6. I've been wanting Interplanetary for a while now. Tony Daniel is one of those authors I discovered reading Dozois's Year's Best SF.

7. Ben Bova edited the second volume of The Science Fiction Hall of Fame, which, ironically, is itself collected in two volumes, and which collects the best novellas from before about 1960. (Volume 1 does the same for short stories, and was edited by Robert Silverburg.) So I got volume 2A which is the first volume of the second volume. I want to point out here that these are the only books by Bova that I will get, because he just edited them. When I was getting back into science fiction about 20 years ago, one of the first books I read was his Saturn. It was horrible. Some people on a spaceship going to Saturn, they don't even arrive until the last 50 pages or so, the characters were ridiculous (the bad guy was a fundamentalist Christian woman who was secretly a lesbian or something), and the big reveal at the end is that the rings of Saturn are actually alive. Terrible and beyond disappointing because it looked liked Bova was writing novels about one of the particular types of science fiction I love (near future exploration and settlement of our solar system). He wrote a whole series of novels called Grand Tour that are set on various planets, dwarf planets, moons, and asteroids. But after Saturn left such a horrible taste in my brain, I'm off him for good.

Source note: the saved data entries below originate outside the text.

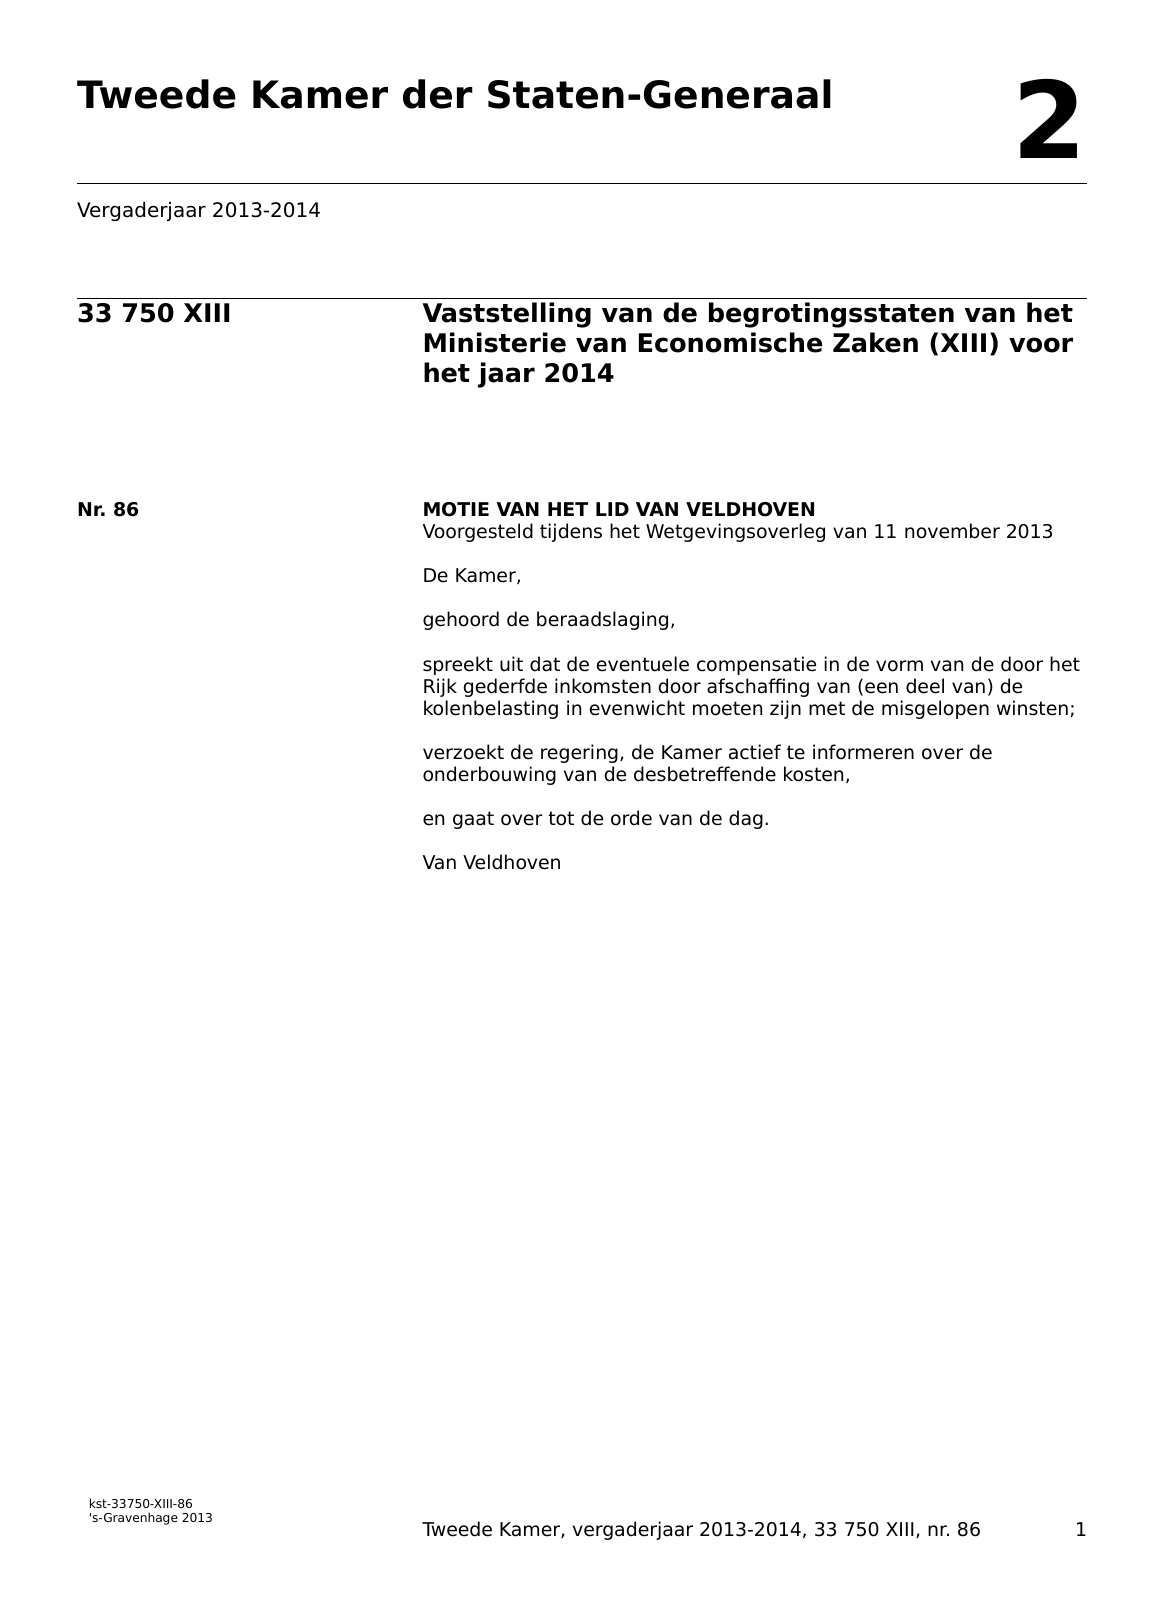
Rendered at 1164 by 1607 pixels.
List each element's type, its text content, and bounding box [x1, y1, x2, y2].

table_header 2 [886, 59, 1087, 183]
table_cell Vergaderjaar 2013-2014 [77, 184, 1087, 298]
text Van Veldhoven [422, 852, 1087, 874]
text spreekt uit dat de eventuele compensatie in de vorm van de door het Rijk gederfde inkomsten door afschaffing van (een deel van) de kolenbelasting in evenwicht moeten zijn met de misgelopen winsten; [422, 653, 1087, 719]
text verzoekt de regering, de Kamer actief te informeren over de onderbouwing van de desbetreffende kosten, [422, 742, 1087, 786]
text Voorgesteld tijdens het Wetgevingsoverleg van 11 november 2013 [422, 521, 1087, 543]
text gehoord de beraadslaging, [422, 609, 1087, 631]
subtitle 33 750 XIII Vaststelling van de begrotingsstaten van het Ministerie van Economische Zaken (XIII) voor het jaar 2014 [77, 299, 1087, 388]
text en gaat over tot de orde van de dag. [422, 808, 1087, 830]
text De Kamer, [422, 565, 1087, 587]
table_header Tweede Kamer der Staten-Generaal [77, 59, 886, 183]
text kst-33750-XIII-86 [88, 1497, 323, 1511]
subtitle Nr. 86 MOTIE VAN HET LID VAN VELDHOVEN [77, 499, 1087, 521]
text 's-Gravenhage 2013 [88, 1511, 323, 1525]

8. Michael Moorcock's Behold the Man is another one I've been wanting a long time. I've read about this book, and I have a short story idea that's moderately similar (although not anti-Christian as his seems to be), so I wanted to compare my idea to Moorcock's. There are several other stories and books in the "time-travelling to see Jesus" sub-sub-genre: here's a list.

Update (30 Aug.): This is one part funny, one part annoying. The bookstore that sent me the wrong book just sent me another copy of the same wrong book. It's The Captive by Victoria Holt. It appears to be a gothic romance, meaning it is not remotely similar to the actual book I ordered, The Good Stuff: Adventure Science Fiction in the Grand Tradition.

Update (2 Sep.): Now it's just annoying. The book they sent has an almost identical ISBN to what I'd ordered, and they realized they never had the actual book I wanted. So they apologized and refunded my money. Which is fine, but I'd wanted to trade that money for the book.